Já na sua primeira corrida, Stewart marcou os primeiros de seus 360 pontos graças ao sexto lugar em East London. Em seu oitavo GP, venceu a primeira prova, em Monza. Terminou o ano de estreia com 33 pontos, tendo ainda abandonado três das 10 corridas, chegado uma vez em sexto lugar, uma vez em quinto e em terceiro e três vezes em segundo. O novato acabava, assim, na terceira colocação o Mundial de Pilotos vencido por Jim Clark.

Seu segundo ano na Fórmula 1 não foi fácil. Apesar de parecer promissor com a vitória em Monte Carlo logo na abertura do campeonato, 1966 foi de problemas para Jackie Stewart. Em nove provas, abandonou cinco vezes e um acidente na Bélgica, segunda etapa da temporada, acabou despertando no escocês a necessidade de buscar meios de garantir a segurança dos pilotos.

Stewart viu-se preso por 25 minutos no carro coberto de combustível. Os comissários não tinham ferramentas para tirá-lo de lá e somente com a ajuda de Graham Hill e Bob Bondurant conseguiu ver-se livre. Por conta da demora no atendimento e a lentidão no transporte até um hospital (a ambulância se perdeu no meio do caminho), o escocês decidiu levar seu médico particular para as corridas seguintes. Por sua vez, a BRM providenciou um caminhão médico em prol de toda a equipe.
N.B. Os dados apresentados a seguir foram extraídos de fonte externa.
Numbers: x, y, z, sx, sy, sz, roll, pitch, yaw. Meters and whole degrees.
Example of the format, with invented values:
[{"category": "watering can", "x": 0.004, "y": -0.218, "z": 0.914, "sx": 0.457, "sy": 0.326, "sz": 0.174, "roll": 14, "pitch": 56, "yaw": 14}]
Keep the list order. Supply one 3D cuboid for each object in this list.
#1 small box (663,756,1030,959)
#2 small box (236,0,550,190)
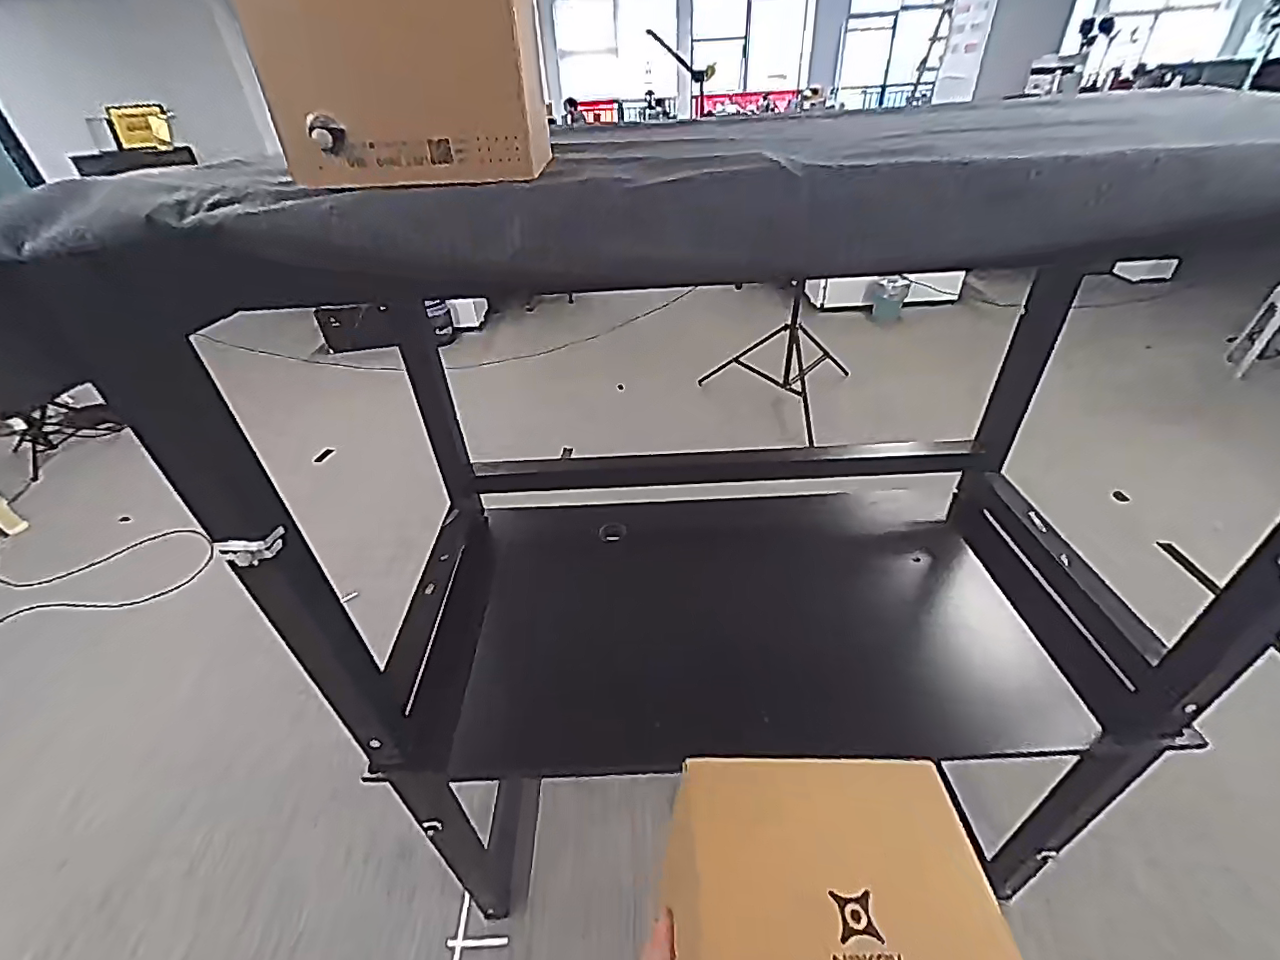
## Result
[{"category": "small box", "x": 0.106, "y": 0.294, "z": 0.322, "sx": 0.168, "sy": 0.176, "sz": 0.179, "roll": 2, "pitch": 36, "yaw": -4}, {"category": "small box", "x": -0.162, "y": -0.316, "z": 0.399, "sx": 0.168, "sy": 0.176, "sz": 0.179, "roll": -3, "pitch": 34, "yaw": -2}]

Durante o ano, Stewart só conseguiu terminar (além do GP de Mônaco) a prova na Holanda (em 4º) e na Alemanha (em 5º). Somou apenas 14 pontos e foi o sétimo no Mundial de Pilotos.
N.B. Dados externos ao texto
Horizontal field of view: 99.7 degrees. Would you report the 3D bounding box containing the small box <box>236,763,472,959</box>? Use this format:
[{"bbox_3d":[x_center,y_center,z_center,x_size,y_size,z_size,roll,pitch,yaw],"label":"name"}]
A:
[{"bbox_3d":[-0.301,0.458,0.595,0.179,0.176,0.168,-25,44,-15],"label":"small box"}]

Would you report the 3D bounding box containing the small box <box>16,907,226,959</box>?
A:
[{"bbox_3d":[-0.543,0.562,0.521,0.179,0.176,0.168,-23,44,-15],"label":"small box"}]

Em 1967, a situação complicou de vez na BRM. Das 11 provas disputadas, ele só conseguiu cruzar a linha de chegada duas vezes – foi o segundo na Bélgica e o terceiro na França. Com tais resultados, registrou 10 pontos e desabou para a nona colocação ao fim daquele Mundial. Chegara a hora de trocar de equipe e o escocês foi parar na Matra movida pelos motores Cosworth.

Durante dois anos, o sucesso vivido pelo piloto foi praticamente total. Em 1968, duelou com Graham Hill ponto a ponto pelo campeonato. Um abandono logo na abertura, na África do Sul, e a ausência nos dois GPs seguintes (Espanha e Mônaco) por conta de um acidente sofrido enquanto disputava provas pela F2 o prejudicaram na briga pelo título. Talvez por isso tenha perdido o campeonato para o inglês por apenas dois pontos de diferença.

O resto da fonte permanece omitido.